Each scan was automatically segmented, generating the superficial (SCP) and deep capillary plexus (DCP) as well as the choriocapillaris by the PLEX Elite Review Software Version 1.7. The SCP spans the inner limiting membrane (ILM) to the inner plexiform layer (IPL), while the DCP spans the IPL to the outer plexiform layer (OPL). The choriocapillaris was taken from 31 to 40 µm below the retinal pigment epithelium (RPE) layer. Images were checked to ensure correct segmentation by the automated instrument software and no manual adjustment was needed.

Image processing

OCTA images of the superficial and deep retinal plexus as well as the choriocapillaris were exported for post-image processing in MATLAB (The MathWorks Inc., Natick, MA). To obtain the large vessel perfusion densities (PD), calculated as the ratio of the segmented large vessels over the total image area (Fig. 1), a combined Gabor and Hessian filter was applied to increase vessel contrast and the large vessels were segmented under a derived threshold from the mean intensity8 (Fig. 6). For retinal plexus analysis, filters were applied to enhance vascular structures (Figs. 2, 3).
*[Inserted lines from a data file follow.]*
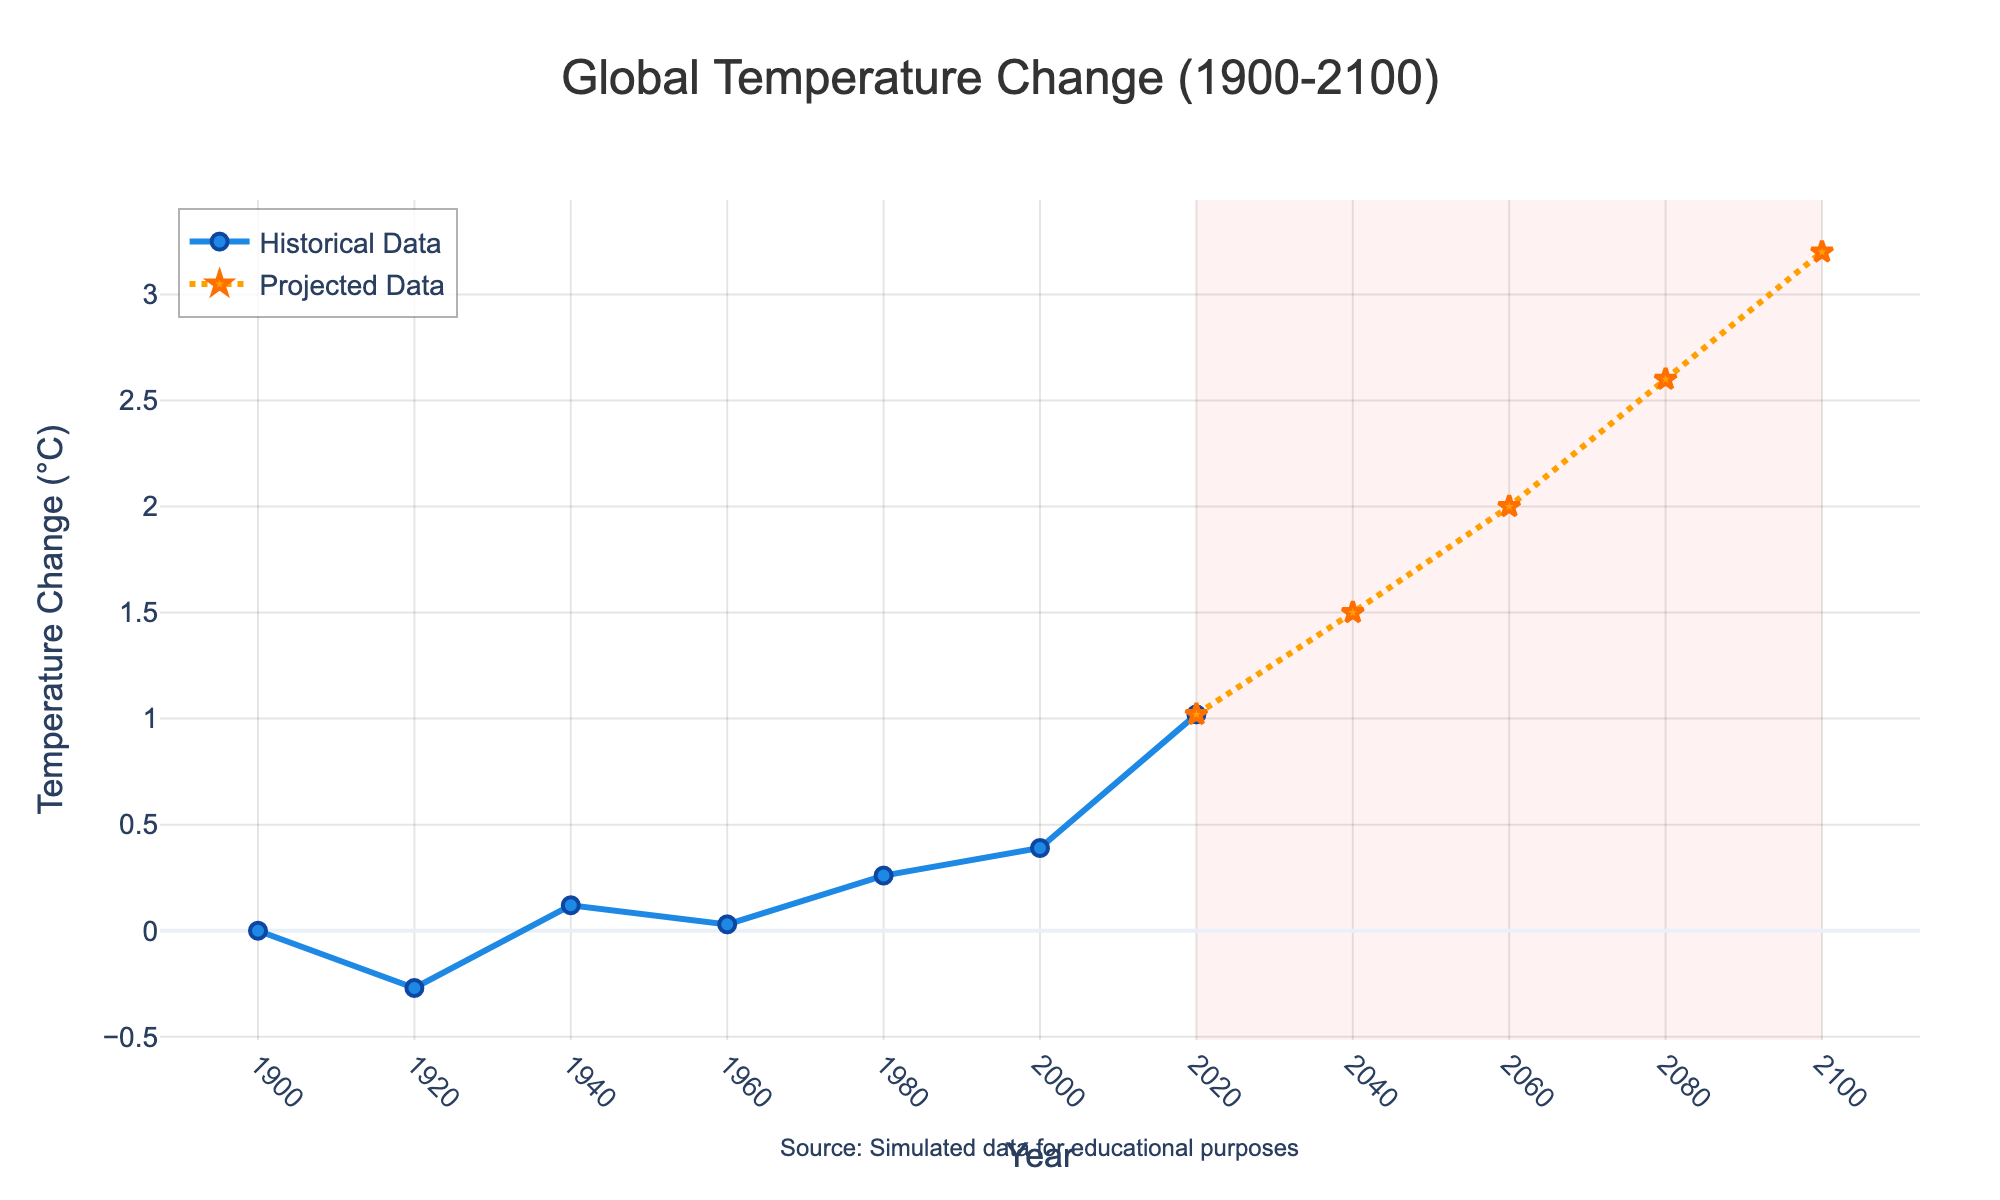What is the temperature change in 1980 compared to 1940? The temperature change in 1980 is 0.26°C, and in 1940, it is 0.12°C. The difference is 0.26 - 0.12 = 0.14°C.
Answer: 0.14°C How much is the temperature projected to increase from 2020 to 2100? The temperature change in 2020 is 1.02°C, and in 2100 it is projected to be 3.2°C. The increase is 3.2 - 1.02 = 2.18°C.
Answer: 2.18°C In what period does the temperature change exceed 1°C for the first time? The temperature change exceeds 1°C for the first time in the year 2020.
Answer: 2020 Compare the temperature change in 2000 to 2020. How much has it increased? The temperature change in 2000 is 0.39°C, and in 2020 it is 1.02°C. The increase is 1.02 - 0.39 = 0.63°C.
Answer: 0.63°C What is the average temperature change from 1900 to 1980? The temperature changes from 1900 to 1980 are 0.0, -0.27, 0.12, 0.03, 0.26. The average is (0.0 - 0.27 + 0.12 + 0.03 + 0.26) / 5 = 0.028°C.
Answer: 0.028°C What is the color of the line representing the projected data? The line representing the projected data is orange.
Answer: Orange During which decades does the plot show the most rapid increase in temperature? The most rapid increase in temperature is observed from 2020 to 2100, as indicated by the steep slope and projections showing a significant rise.
Answer: 2020-2100 Compare the temperature change in 1960 to that in 1980. Which year had a higher temperature change and by how much? The temperature change in 1960 is 0.03°C, and in 1980 it is 0.26°C. 1980 had a higher temperature change. The difference is 0.26 - 0.03 = 0.23°C.
Answer: 1980 by 0.23°C At what year does the shaded area indicating future projections start? The shaded area for future projections starts from the year 2020.
Answer: 2020

A total of 3 filters were applied and compared: (1) a Hessian filter (size range = [15–44] µm)17,18,46; (2) a Gabor filter (wavelength = 20π, orientation interval: π/16)19,20; and (3) a modified Bayesian residual transform-based filter47. The images were then binarized by local adaptive thresholding48. We selected a neighbourhood of 1.25 mm as the window size to obtain the PD, defined as the ratio of the segmented vessel area over the total image area (Fig. 6).

Figure 6
figure 6

Flowchart of post-imaging processing to obtain perfusion densities of the (1) large vessels, (2) superficial and deep capillary plexuses as well as (3) choriocapillaris flow void area, number, and size.
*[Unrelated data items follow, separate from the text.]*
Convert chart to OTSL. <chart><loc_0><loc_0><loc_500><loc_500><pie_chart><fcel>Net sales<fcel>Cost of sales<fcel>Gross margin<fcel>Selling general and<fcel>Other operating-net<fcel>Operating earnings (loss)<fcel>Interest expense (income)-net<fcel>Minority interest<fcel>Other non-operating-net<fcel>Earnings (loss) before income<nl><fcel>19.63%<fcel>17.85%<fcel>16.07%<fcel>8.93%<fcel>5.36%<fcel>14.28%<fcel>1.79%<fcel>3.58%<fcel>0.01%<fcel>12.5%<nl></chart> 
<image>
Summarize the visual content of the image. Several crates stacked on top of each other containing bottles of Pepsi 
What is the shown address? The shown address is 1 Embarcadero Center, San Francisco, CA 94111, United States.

To derive choriocapillaris flow void metrics, the large vessels were removed with the above method and the optic disc was manually masked. Choriocapillaris flow voids indicate areas of decreased choriocapillaris perfusion30. An increase in the density of flow voids is indicative of choroidal capillary dropout and may be associated with restricted supply of the outer retina and development and progression of photoreceptor loss49. Flow voids were then calculated using either 1 or 1.25 standard deviation (SD) thresholding algorithms based on previous publications (Fig. 6)30,31. Flow void metrics, including total flow void area (i.e. flow void area per unit area), number of flow voids, and size of each flow void (i.e. average area of each flow void), were calculated (Fig. 5). Angiographic data from the 15 × 9-mm2 scans were further divided into 2 regions: the macular region, which was defined as a 6 × 6-mm2 region centred over the fovea, and the peripheral region, which was assessed as all regions outside the central 6 × 6-mm2 (Figs. 2, 3 and 5).

Statistical analysis

Dependent t-test was used to assess the differences between paired measurements obtained at the two different visits. Independent t-test was used to assess the differences between measurements obtained with different filters. The inter-visit repeatability of the OCTA metrics was investigated using intraclass correlation coefficients (ICC), where values < 0.50, 0.50–0.75, 0.75–0.90 and > 0.90 indicated poor, moderate, good and excellent repeatability, respectively50. We then examined the correlation between metrics derived from filtered OCTA scans and original scans (i.e. no filter applied) using Pearson’s r. This is important because a poor vessel enhancement filter can still show excellent ICC by increasing its noise level until saturation. For such cases, the resultant scan will be poorly correlated with the original scan. Statistical analyses were performed using Stata version 16.0 (StataCorp LLC, College Station, TX).